— Records supplied —
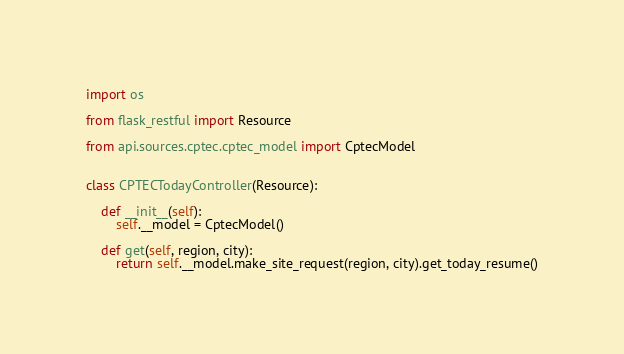Convert code to text. <code><loc_0><loc_0><loc_500><loc_500><_Python_>import os

from flask_restful import Resource

from api.sources.cptec.cptec_model import CptecModel


class CPTECTodayController(Resource):

    def __init__(self):
        self.__model = CptecModel()

    def get(self, region, city):
        return self.__model.make_site_request(region, city).get_today_resume()
</code> 
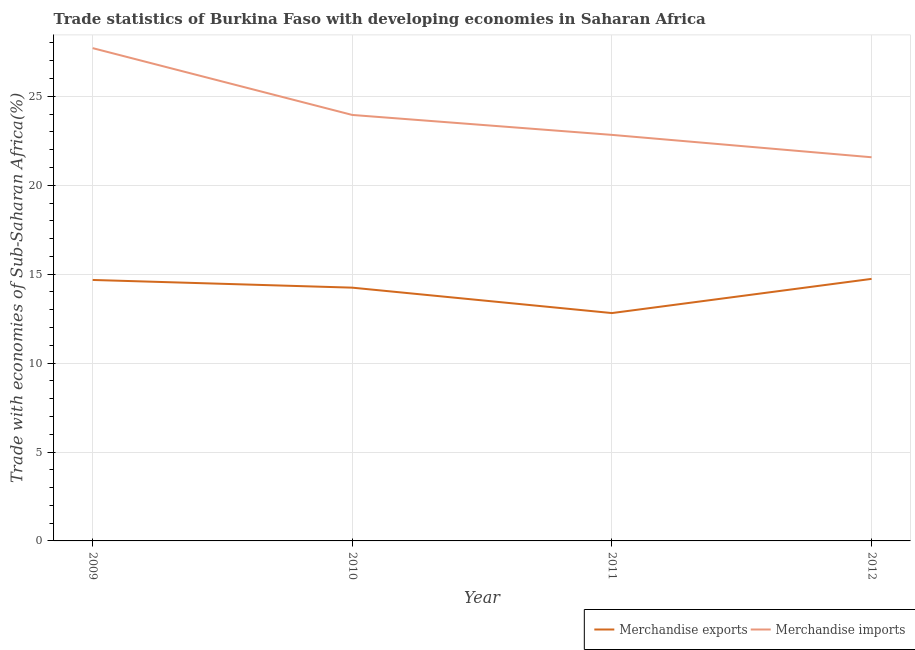How many different coloured lines are there?
Your response must be concise. 2. What is the merchandise imports in 2011?
Your response must be concise. 22.83. Across all years, what is the maximum merchandise exports?
Provide a succinct answer. 14.73. Across all years, what is the minimum merchandise imports?
Make the answer very short. 21.57. In which year was the merchandise imports minimum?
Provide a succinct answer. 2012. What is the total merchandise exports in the graph?
Your answer should be very brief. 56.46. What is the difference between the merchandise imports in 2011 and that in 2012?
Ensure brevity in your answer.  1.26. What is the difference between the merchandise exports in 2012 and the merchandise imports in 2010?
Your answer should be compact. -9.22. What is the average merchandise imports per year?
Offer a terse response. 24.02. In the year 2010, what is the difference between the merchandise imports and merchandise exports?
Offer a terse response. 9.71. In how many years, is the merchandise imports greater than 22 %?
Make the answer very short. 3. What is the ratio of the merchandise exports in 2009 to that in 2010?
Provide a succinct answer. 1.03. Is the merchandise imports in 2010 less than that in 2011?
Your answer should be very brief. No. What is the difference between the highest and the second highest merchandise exports?
Provide a succinct answer. 0.06. What is the difference between the highest and the lowest merchandise exports?
Offer a very short reply. 1.92. Does the merchandise exports monotonically increase over the years?
Your answer should be very brief. No. Is the merchandise imports strictly less than the merchandise exports over the years?
Ensure brevity in your answer.  No. How many lines are there?
Your response must be concise. 2. How many years are there in the graph?
Your answer should be compact. 4. What is the difference between two consecutive major ticks on the Y-axis?
Provide a short and direct response. 5. Does the graph contain any zero values?
Your answer should be very brief. No. Does the graph contain grids?
Your answer should be compact. Yes. What is the title of the graph?
Provide a short and direct response. Trade statistics of Burkina Faso with developing economies in Saharan Africa. Does "Mineral" appear as one of the legend labels in the graph?
Ensure brevity in your answer.  No. What is the label or title of the Y-axis?
Your answer should be compact. Trade with economies of Sub-Saharan Africa(%). What is the Trade with economies of Sub-Saharan Africa(%) in Merchandise exports in 2009?
Provide a succinct answer. 14.67. What is the Trade with economies of Sub-Saharan Africa(%) in Merchandise imports in 2009?
Your answer should be compact. 27.71. What is the Trade with economies of Sub-Saharan Africa(%) in Merchandise exports in 2010?
Your response must be concise. 14.24. What is the Trade with economies of Sub-Saharan Africa(%) of Merchandise imports in 2010?
Your answer should be very brief. 23.95. What is the Trade with economies of Sub-Saharan Africa(%) of Merchandise exports in 2011?
Your response must be concise. 12.81. What is the Trade with economies of Sub-Saharan Africa(%) of Merchandise imports in 2011?
Your answer should be compact. 22.83. What is the Trade with economies of Sub-Saharan Africa(%) of Merchandise exports in 2012?
Give a very brief answer. 14.73. What is the Trade with economies of Sub-Saharan Africa(%) of Merchandise imports in 2012?
Provide a succinct answer. 21.57. Across all years, what is the maximum Trade with economies of Sub-Saharan Africa(%) of Merchandise exports?
Provide a short and direct response. 14.73. Across all years, what is the maximum Trade with economies of Sub-Saharan Africa(%) of Merchandise imports?
Offer a terse response. 27.71. Across all years, what is the minimum Trade with economies of Sub-Saharan Africa(%) in Merchandise exports?
Provide a short and direct response. 12.81. Across all years, what is the minimum Trade with economies of Sub-Saharan Africa(%) of Merchandise imports?
Your answer should be very brief. 21.57. What is the total Trade with economies of Sub-Saharan Africa(%) of Merchandise exports in the graph?
Provide a short and direct response. 56.46. What is the total Trade with economies of Sub-Saharan Africa(%) of Merchandise imports in the graph?
Provide a short and direct response. 96.07. What is the difference between the Trade with economies of Sub-Saharan Africa(%) in Merchandise exports in 2009 and that in 2010?
Provide a short and direct response. 0.43. What is the difference between the Trade with economies of Sub-Saharan Africa(%) of Merchandise imports in 2009 and that in 2010?
Your answer should be compact. 3.76. What is the difference between the Trade with economies of Sub-Saharan Africa(%) in Merchandise exports in 2009 and that in 2011?
Make the answer very short. 1.86. What is the difference between the Trade with economies of Sub-Saharan Africa(%) of Merchandise imports in 2009 and that in 2011?
Make the answer very short. 4.88. What is the difference between the Trade with economies of Sub-Saharan Africa(%) of Merchandise exports in 2009 and that in 2012?
Offer a terse response. -0.06. What is the difference between the Trade with economies of Sub-Saharan Africa(%) in Merchandise imports in 2009 and that in 2012?
Make the answer very short. 6.14. What is the difference between the Trade with economies of Sub-Saharan Africa(%) in Merchandise exports in 2010 and that in 2011?
Your answer should be compact. 1.43. What is the difference between the Trade with economies of Sub-Saharan Africa(%) of Merchandise imports in 2010 and that in 2011?
Your answer should be very brief. 1.12. What is the difference between the Trade with economies of Sub-Saharan Africa(%) of Merchandise exports in 2010 and that in 2012?
Make the answer very short. -0.49. What is the difference between the Trade with economies of Sub-Saharan Africa(%) in Merchandise imports in 2010 and that in 2012?
Your answer should be compact. 2.38. What is the difference between the Trade with economies of Sub-Saharan Africa(%) of Merchandise exports in 2011 and that in 2012?
Make the answer very short. -1.92. What is the difference between the Trade with economies of Sub-Saharan Africa(%) in Merchandise imports in 2011 and that in 2012?
Offer a terse response. 1.26. What is the difference between the Trade with economies of Sub-Saharan Africa(%) of Merchandise exports in 2009 and the Trade with economies of Sub-Saharan Africa(%) of Merchandise imports in 2010?
Your answer should be very brief. -9.28. What is the difference between the Trade with economies of Sub-Saharan Africa(%) in Merchandise exports in 2009 and the Trade with economies of Sub-Saharan Africa(%) in Merchandise imports in 2011?
Provide a short and direct response. -8.16. What is the difference between the Trade with economies of Sub-Saharan Africa(%) in Merchandise exports in 2009 and the Trade with economies of Sub-Saharan Africa(%) in Merchandise imports in 2012?
Give a very brief answer. -6.9. What is the difference between the Trade with economies of Sub-Saharan Africa(%) of Merchandise exports in 2010 and the Trade with economies of Sub-Saharan Africa(%) of Merchandise imports in 2011?
Offer a very short reply. -8.59. What is the difference between the Trade with economies of Sub-Saharan Africa(%) of Merchandise exports in 2010 and the Trade with economies of Sub-Saharan Africa(%) of Merchandise imports in 2012?
Keep it short and to the point. -7.33. What is the difference between the Trade with economies of Sub-Saharan Africa(%) in Merchandise exports in 2011 and the Trade with economies of Sub-Saharan Africa(%) in Merchandise imports in 2012?
Give a very brief answer. -8.76. What is the average Trade with economies of Sub-Saharan Africa(%) in Merchandise exports per year?
Your answer should be very brief. 14.12. What is the average Trade with economies of Sub-Saharan Africa(%) in Merchandise imports per year?
Offer a terse response. 24.02. In the year 2009, what is the difference between the Trade with economies of Sub-Saharan Africa(%) in Merchandise exports and Trade with economies of Sub-Saharan Africa(%) in Merchandise imports?
Ensure brevity in your answer.  -13.04. In the year 2010, what is the difference between the Trade with economies of Sub-Saharan Africa(%) of Merchandise exports and Trade with economies of Sub-Saharan Africa(%) of Merchandise imports?
Offer a very short reply. -9.71. In the year 2011, what is the difference between the Trade with economies of Sub-Saharan Africa(%) in Merchandise exports and Trade with economies of Sub-Saharan Africa(%) in Merchandise imports?
Provide a succinct answer. -10.02. In the year 2012, what is the difference between the Trade with economies of Sub-Saharan Africa(%) in Merchandise exports and Trade with economies of Sub-Saharan Africa(%) in Merchandise imports?
Your response must be concise. -6.84. What is the ratio of the Trade with economies of Sub-Saharan Africa(%) in Merchandise exports in 2009 to that in 2010?
Your answer should be very brief. 1.03. What is the ratio of the Trade with economies of Sub-Saharan Africa(%) in Merchandise imports in 2009 to that in 2010?
Offer a very short reply. 1.16. What is the ratio of the Trade with economies of Sub-Saharan Africa(%) in Merchandise exports in 2009 to that in 2011?
Give a very brief answer. 1.15. What is the ratio of the Trade with economies of Sub-Saharan Africa(%) in Merchandise imports in 2009 to that in 2011?
Offer a very short reply. 1.21. What is the ratio of the Trade with economies of Sub-Saharan Africa(%) of Merchandise imports in 2009 to that in 2012?
Provide a succinct answer. 1.28. What is the ratio of the Trade with economies of Sub-Saharan Africa(%) in Merchandise exports in 2010 to that in 2011?
Provide a short and direct response. 1.11. What is the ratio of the Trade with economies of Sub-Saharan Africa(%) of Merchandise imports in 2010 to that in 2011?
Offer a terse response. 1.05. What is the ratio of the Trade with economies of Sub-Saharan Africa(%) in Merchandise exports in 2010 to that in 2012?
Your response must be concise. 0.97. What is the ratio of the Trade with economies of Sub-Saharan Africa(%) of Merchandise imports in 2010 to that in 2012?
Your answer should be very brief. 1.11. What is the ratio of the Trade with economies of Sub-Saharan Africa(%) in Merchandise exports in 2011 to that in 2012?
Your answer should be compact. 0.87. What is the ratio of the Trade with economies of Sub-Saharan Africa(%) in Merchandise imports in 2011 to that in 2012?
Provide a short and direct response. 1.06. What is the difference between the highest and the second highest Trade with economies of Sub-Saharan Africa(%) of Merchandise exports?
Keep it short and to the point. 0.06. What is the difference between the highest and the second highest Trade with economies of Sub-Saharan Africa(%) of Merchandise imports?
Ensure brevity in your answer.  3.76. What is the difference between the highest and the lowest Trade with economies of Sub-Saharan Africa(%) in Merchandise exports?
Offer a very short reply. 1.92. What is the difference between the highest and the lowest Trade with economies of Sub-Saharan Africa(%) in Merchandise imports?
Your response must be concise. 6.14.

— Try it —
Repeat verbatim the lines between the start of the data and the line containing "Your response must be concise. 22.83.", both ends included, omitting all pictures.

— Response to the task —
Convert code to text. <code><loc_0><loc_0><loc_500><loc_500><_Python_>import os

from flask_restful import Resource

from api.sources.cptec.cptec_model import CptecModel


class CPTECTodayController(Resource):

    def __init__(self):
        self.__model = CptecModel()

    def get(self, region, city):
        return self.__model.make_site_request(region, city).get_today_resume()
</code> 
How many different coloured lines are there?
Your response must be concise. 2. What is the merchandise imports in 2011?
Your response must be concise. 22.83. Across all years, what is the maximum merchandise exports?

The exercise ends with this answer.